Look through the records below for the line with "Your answer should be very brief. 2.97." and the line with "Provide a succinct answer. 0.21.", then return those lines and all lines between, exactly.

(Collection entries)
___
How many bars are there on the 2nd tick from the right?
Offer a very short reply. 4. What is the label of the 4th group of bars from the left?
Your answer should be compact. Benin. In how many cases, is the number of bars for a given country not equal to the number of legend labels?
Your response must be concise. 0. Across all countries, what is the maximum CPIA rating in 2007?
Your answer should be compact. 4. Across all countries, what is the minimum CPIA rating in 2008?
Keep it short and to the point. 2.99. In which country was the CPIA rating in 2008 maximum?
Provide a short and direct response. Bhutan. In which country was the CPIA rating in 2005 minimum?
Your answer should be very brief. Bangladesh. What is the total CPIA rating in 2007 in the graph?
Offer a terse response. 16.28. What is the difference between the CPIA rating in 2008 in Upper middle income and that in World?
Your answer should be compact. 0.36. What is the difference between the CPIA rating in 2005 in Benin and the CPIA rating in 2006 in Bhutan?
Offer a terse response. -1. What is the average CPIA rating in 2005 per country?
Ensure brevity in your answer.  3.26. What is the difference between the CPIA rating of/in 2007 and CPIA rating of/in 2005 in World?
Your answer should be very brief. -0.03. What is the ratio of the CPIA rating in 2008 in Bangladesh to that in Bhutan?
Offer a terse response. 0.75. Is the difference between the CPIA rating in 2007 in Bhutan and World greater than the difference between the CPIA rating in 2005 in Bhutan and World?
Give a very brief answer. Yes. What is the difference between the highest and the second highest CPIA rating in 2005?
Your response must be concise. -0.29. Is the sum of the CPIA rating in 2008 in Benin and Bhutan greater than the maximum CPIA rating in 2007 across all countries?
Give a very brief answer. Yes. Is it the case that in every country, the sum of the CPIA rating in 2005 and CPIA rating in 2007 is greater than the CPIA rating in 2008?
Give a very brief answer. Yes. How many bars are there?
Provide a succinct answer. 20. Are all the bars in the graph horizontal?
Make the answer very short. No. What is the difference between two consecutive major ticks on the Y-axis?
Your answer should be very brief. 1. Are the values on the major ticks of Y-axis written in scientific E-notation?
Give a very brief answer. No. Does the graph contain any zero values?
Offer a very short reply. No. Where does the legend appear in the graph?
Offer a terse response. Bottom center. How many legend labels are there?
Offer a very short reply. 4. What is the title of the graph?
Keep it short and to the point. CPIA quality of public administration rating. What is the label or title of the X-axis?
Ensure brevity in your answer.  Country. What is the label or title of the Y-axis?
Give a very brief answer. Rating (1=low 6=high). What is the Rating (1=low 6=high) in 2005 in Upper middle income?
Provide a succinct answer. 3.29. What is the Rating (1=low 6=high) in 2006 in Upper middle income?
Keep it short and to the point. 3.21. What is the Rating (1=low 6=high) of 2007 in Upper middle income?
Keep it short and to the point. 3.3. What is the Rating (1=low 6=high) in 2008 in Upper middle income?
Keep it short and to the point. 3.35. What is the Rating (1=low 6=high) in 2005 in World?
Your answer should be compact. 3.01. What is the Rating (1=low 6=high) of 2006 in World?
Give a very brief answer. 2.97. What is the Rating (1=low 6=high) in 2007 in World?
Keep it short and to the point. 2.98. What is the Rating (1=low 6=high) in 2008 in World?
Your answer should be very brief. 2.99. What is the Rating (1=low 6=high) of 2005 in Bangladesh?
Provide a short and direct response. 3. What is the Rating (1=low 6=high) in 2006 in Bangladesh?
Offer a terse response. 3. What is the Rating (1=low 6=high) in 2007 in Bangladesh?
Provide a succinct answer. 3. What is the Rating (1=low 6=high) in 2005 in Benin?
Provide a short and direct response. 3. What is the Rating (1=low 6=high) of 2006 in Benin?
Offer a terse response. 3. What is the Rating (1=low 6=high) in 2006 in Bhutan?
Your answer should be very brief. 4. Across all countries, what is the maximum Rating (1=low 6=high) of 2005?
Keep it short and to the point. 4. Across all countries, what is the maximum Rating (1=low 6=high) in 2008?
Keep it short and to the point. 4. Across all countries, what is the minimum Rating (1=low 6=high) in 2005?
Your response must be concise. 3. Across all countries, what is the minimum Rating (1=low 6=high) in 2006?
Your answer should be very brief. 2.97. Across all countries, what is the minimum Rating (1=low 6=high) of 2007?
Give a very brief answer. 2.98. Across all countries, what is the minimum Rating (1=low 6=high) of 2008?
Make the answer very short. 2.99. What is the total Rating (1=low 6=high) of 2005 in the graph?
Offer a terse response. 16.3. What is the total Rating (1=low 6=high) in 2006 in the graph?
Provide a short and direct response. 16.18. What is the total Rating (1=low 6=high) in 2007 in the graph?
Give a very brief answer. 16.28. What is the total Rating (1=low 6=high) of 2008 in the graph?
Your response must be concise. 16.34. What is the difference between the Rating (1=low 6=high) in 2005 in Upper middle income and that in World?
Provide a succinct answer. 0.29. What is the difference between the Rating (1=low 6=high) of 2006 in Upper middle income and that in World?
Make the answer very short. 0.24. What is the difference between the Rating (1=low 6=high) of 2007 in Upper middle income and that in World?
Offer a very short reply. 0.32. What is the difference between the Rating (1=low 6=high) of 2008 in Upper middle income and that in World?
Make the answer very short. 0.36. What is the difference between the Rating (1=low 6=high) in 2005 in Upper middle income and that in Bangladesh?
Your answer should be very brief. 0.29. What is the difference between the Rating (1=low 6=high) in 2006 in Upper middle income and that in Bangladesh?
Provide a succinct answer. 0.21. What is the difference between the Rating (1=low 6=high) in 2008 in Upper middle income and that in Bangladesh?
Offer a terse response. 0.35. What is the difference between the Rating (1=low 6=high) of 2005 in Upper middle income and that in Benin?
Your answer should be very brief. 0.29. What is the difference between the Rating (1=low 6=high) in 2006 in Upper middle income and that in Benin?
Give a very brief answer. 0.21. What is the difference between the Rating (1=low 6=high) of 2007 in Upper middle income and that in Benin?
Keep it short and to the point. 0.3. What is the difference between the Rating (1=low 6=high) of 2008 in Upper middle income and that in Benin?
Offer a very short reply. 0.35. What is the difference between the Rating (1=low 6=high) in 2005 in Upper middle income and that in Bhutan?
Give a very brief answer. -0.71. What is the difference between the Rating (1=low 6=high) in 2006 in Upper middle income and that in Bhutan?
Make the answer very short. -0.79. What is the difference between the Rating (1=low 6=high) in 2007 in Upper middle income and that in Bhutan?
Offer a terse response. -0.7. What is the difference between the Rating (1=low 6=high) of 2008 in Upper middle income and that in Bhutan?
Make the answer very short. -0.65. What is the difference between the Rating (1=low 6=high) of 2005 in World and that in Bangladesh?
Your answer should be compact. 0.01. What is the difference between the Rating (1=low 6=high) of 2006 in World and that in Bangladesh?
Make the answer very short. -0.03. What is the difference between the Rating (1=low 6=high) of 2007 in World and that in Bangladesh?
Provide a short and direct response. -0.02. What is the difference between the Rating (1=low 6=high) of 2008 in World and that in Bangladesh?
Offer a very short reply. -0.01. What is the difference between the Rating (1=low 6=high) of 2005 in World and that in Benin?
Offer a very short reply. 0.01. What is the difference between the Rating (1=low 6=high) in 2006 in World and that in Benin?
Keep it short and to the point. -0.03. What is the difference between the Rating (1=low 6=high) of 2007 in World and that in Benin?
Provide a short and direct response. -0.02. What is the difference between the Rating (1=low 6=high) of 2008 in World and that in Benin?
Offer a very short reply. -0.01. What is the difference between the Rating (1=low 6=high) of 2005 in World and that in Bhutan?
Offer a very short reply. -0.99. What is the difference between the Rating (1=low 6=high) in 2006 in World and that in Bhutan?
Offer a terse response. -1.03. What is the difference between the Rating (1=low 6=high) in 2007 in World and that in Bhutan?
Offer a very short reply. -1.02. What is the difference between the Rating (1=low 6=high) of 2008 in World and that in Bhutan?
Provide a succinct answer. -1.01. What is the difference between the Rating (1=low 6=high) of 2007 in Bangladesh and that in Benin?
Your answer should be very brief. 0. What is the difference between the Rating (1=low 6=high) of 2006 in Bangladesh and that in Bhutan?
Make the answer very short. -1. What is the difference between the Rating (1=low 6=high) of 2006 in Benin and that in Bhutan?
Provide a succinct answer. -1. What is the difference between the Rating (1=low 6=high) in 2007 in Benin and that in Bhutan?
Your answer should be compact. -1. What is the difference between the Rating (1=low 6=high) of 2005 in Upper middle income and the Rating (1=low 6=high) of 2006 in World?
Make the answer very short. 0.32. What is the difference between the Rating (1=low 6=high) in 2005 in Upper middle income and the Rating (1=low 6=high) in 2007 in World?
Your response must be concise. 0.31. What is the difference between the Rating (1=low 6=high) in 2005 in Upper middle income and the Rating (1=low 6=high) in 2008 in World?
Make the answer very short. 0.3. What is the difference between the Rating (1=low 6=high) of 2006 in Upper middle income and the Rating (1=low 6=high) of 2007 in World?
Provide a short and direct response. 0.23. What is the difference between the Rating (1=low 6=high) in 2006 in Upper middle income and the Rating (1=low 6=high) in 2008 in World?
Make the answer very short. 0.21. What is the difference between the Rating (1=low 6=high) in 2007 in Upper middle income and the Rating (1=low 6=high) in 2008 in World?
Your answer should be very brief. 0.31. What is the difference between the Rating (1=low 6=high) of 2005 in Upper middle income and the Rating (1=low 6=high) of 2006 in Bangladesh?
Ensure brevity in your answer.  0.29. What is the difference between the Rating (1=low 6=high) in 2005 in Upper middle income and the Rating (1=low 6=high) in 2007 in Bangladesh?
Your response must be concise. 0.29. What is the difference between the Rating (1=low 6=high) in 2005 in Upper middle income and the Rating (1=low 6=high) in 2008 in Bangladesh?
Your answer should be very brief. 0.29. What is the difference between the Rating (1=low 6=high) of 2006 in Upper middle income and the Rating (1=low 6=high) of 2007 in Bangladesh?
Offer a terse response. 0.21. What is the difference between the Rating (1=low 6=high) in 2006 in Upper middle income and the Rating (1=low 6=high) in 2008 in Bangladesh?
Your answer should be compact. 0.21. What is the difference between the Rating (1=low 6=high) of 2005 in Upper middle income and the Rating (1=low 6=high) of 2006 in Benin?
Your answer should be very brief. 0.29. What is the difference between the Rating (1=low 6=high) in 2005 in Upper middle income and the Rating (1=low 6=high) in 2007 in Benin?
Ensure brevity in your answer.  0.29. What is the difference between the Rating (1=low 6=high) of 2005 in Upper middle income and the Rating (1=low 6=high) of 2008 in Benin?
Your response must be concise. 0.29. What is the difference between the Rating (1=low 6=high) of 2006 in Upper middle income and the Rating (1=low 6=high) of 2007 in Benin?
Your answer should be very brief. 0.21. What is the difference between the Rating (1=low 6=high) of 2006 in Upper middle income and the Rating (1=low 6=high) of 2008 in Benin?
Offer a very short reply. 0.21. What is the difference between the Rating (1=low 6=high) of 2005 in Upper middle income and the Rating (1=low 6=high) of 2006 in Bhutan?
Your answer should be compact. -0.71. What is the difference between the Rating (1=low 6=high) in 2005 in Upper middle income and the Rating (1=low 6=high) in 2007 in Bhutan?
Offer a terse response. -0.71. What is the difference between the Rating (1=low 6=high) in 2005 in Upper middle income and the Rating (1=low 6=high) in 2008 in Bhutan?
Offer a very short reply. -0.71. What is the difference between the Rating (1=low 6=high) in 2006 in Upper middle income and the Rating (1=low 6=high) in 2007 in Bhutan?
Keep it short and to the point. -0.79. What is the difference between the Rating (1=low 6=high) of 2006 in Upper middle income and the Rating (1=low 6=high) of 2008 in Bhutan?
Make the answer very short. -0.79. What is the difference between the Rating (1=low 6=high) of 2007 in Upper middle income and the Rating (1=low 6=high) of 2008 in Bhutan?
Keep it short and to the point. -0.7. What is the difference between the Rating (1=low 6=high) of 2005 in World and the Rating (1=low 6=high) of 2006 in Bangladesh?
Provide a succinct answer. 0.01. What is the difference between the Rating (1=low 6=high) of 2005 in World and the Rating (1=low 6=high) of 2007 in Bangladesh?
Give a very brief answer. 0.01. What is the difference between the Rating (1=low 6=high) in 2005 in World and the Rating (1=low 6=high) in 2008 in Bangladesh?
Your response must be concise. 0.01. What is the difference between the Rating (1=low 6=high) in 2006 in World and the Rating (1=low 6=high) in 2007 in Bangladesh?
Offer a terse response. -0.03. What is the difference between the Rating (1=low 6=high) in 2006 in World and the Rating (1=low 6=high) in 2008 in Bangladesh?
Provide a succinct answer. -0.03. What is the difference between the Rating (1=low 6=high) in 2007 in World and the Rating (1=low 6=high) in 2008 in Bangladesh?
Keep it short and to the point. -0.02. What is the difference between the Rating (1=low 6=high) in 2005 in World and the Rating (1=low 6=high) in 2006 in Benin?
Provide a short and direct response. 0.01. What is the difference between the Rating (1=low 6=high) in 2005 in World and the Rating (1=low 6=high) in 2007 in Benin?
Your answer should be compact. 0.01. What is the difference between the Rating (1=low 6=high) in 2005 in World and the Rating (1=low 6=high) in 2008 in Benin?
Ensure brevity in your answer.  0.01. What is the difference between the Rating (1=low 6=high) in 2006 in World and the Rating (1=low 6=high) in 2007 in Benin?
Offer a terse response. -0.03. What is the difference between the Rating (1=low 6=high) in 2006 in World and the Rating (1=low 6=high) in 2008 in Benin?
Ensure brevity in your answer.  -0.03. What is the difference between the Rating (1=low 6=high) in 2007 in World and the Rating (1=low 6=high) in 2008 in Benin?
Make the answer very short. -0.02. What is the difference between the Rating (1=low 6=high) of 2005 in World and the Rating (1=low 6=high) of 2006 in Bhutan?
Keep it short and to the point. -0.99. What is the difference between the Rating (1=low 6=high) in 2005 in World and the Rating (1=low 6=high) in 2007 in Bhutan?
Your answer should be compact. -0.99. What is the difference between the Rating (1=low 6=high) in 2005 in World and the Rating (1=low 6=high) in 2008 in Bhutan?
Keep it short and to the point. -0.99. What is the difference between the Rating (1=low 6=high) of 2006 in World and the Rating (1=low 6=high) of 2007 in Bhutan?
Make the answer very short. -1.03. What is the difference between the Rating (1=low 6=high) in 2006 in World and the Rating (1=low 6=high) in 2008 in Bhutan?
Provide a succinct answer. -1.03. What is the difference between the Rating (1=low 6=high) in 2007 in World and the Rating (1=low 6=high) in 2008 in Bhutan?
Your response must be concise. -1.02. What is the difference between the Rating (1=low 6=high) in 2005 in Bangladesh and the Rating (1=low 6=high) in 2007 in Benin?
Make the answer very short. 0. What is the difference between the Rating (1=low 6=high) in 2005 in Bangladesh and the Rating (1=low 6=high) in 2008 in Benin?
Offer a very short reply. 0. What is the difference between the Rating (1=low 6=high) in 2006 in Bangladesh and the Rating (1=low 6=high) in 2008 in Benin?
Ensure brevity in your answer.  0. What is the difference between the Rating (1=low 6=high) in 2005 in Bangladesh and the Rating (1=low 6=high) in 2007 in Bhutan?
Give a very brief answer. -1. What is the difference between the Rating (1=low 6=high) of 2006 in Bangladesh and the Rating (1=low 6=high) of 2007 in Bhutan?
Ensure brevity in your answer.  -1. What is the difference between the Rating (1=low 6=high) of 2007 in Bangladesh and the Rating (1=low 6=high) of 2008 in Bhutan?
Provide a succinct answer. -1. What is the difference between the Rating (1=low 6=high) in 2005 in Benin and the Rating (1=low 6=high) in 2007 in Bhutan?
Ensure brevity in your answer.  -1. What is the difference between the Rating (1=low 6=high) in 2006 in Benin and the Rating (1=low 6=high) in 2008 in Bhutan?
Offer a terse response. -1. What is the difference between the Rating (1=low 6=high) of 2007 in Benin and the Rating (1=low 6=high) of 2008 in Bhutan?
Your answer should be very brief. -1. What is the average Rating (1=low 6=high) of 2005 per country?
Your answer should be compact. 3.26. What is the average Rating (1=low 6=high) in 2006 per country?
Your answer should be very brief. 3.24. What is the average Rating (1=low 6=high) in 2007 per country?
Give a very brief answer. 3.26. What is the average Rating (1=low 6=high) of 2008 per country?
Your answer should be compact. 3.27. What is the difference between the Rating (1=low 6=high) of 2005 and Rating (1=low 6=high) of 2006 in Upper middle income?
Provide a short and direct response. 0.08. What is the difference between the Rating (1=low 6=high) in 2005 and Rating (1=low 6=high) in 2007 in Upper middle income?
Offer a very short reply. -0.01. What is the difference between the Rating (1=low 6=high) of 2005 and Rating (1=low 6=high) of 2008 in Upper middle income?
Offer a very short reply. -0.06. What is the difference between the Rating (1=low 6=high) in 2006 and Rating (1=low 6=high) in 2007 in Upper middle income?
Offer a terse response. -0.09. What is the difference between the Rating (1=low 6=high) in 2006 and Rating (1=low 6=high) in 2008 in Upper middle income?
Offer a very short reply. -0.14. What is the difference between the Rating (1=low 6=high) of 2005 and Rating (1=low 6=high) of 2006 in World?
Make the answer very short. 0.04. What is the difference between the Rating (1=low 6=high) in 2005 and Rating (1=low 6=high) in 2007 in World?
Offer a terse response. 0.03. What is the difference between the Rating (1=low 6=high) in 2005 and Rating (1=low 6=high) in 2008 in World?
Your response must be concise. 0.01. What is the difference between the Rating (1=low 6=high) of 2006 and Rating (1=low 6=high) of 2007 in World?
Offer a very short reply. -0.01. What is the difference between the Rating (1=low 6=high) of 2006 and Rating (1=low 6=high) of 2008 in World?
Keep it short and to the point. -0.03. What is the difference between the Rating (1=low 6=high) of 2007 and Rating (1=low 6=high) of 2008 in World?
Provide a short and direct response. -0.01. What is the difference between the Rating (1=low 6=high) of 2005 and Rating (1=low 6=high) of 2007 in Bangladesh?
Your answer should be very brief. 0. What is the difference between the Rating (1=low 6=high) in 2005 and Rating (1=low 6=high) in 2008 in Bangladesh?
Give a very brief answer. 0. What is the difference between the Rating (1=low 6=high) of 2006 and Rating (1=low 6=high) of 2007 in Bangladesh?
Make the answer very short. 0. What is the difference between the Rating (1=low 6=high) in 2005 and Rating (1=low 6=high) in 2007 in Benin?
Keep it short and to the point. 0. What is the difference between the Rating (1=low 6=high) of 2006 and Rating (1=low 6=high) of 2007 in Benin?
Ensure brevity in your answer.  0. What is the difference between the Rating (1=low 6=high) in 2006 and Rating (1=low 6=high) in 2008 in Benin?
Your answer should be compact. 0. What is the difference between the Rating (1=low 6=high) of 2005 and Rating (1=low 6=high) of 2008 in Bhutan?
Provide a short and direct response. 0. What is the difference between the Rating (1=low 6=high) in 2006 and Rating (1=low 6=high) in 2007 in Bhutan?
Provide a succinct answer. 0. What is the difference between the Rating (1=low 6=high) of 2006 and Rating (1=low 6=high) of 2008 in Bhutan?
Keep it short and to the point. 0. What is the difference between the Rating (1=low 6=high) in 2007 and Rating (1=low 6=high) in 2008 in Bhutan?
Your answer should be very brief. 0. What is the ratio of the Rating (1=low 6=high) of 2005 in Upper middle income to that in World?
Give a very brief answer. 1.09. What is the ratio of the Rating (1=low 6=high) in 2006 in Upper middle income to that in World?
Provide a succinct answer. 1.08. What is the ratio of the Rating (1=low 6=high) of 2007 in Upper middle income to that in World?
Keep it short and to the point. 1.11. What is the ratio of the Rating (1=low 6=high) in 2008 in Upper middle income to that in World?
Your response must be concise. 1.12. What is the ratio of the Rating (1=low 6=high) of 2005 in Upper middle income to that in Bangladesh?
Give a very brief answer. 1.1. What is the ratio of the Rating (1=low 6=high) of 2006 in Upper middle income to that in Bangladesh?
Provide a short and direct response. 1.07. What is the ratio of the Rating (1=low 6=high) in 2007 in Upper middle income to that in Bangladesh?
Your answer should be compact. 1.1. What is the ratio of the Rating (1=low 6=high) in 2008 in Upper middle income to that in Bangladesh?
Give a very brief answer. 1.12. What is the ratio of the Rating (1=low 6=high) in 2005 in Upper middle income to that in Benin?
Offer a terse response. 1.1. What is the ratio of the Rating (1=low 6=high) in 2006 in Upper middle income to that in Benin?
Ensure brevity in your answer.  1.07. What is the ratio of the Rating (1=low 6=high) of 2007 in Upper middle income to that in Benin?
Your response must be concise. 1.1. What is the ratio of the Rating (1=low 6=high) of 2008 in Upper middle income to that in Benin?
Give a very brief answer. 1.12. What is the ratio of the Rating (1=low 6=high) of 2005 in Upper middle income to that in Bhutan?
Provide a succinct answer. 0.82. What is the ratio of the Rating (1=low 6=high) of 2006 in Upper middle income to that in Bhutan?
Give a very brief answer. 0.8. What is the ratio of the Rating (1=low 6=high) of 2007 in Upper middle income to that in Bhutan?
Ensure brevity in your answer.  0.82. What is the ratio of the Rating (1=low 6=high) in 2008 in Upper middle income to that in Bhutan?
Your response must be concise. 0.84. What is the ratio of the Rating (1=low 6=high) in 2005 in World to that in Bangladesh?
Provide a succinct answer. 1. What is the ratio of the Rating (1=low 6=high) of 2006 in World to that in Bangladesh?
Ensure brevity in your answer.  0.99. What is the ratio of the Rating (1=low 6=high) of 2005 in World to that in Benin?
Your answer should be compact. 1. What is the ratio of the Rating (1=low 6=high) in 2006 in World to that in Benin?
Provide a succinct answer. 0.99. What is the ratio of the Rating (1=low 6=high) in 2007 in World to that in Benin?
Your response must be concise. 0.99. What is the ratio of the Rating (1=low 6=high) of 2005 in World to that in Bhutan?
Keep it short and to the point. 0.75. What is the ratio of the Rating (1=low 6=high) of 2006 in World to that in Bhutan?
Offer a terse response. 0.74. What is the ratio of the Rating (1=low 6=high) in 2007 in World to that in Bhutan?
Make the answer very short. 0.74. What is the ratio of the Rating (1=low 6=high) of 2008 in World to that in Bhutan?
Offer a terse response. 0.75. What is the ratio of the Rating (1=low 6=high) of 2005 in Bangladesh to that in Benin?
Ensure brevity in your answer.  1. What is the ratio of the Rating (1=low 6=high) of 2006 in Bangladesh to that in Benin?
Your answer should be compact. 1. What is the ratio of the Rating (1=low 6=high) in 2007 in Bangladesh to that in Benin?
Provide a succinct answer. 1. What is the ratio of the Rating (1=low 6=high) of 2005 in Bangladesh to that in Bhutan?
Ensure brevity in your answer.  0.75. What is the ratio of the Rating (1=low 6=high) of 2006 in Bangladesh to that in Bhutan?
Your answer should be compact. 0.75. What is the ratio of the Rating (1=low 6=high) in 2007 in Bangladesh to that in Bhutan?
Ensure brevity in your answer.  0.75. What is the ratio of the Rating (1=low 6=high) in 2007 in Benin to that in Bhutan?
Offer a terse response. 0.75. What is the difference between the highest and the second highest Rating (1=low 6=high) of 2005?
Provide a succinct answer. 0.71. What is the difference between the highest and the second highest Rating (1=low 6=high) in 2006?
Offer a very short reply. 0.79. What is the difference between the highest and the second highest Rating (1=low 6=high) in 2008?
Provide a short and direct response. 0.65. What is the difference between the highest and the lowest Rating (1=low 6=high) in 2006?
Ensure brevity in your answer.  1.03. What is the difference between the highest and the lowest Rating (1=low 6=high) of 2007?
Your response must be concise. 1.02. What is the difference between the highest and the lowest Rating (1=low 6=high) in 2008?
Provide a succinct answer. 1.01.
___
■ **COMPLETED EXERCISE**:
Your answer should be very brief. 2.97. Across all countries, what is the minimum Rating (1=low 6=high) of 2007?
Give a very brief answer. 2.98. Across all countries, what is the minimum Rating (1=low 6=high) of 2008?
Make the answer very short. 2.99. What is the total Rating (1=low 6=high) of 2005 in the graph?
Offer a terse response. 16.3. What is the total Rating (1=low 6=high) in 2006 in the graph?
Provide a short and direct response. 16.18. What is the total Rating (1=low 6=high) in 2007 in the graph?
Give a very brief answer. 16.28. What is the total Rating (1=low 6=high) of 2008 in the graph?
Your response must be concise. 16.34. What is the difference between the Rating (1=low 6=high) in 2005 in Upper middle income and that in World?
Provide a succinct answer. 0.29. What is the difference between the Rating (1=low 6=high) of 2006 in Upper middle income and that in World?
Make the answer very short. 0.24. What is the difference between the Rating (1=low 6=high) of 2007 in Upper middle income and that in World?
Offer a very short reply. 0.32. What is the difference between the Rating (1=low 6=high) of 2008 in Upper middle income and that in World?
Make the answer very short. 0.36. What is the difference between the Rating (1=low 6=high) in 2005 in Upper middle income and that in Bangladesh?
Your answer should be very brief. 0.29. What is the difference between the Rating (1=low 6=high) in 2006 in Upper middle income and that in Bangladesh?
Provide a succinct answer. 0.21. What is the difference between the Rating (1=low 6=high) in 2008 in Upper middle income and that in Bangladesh?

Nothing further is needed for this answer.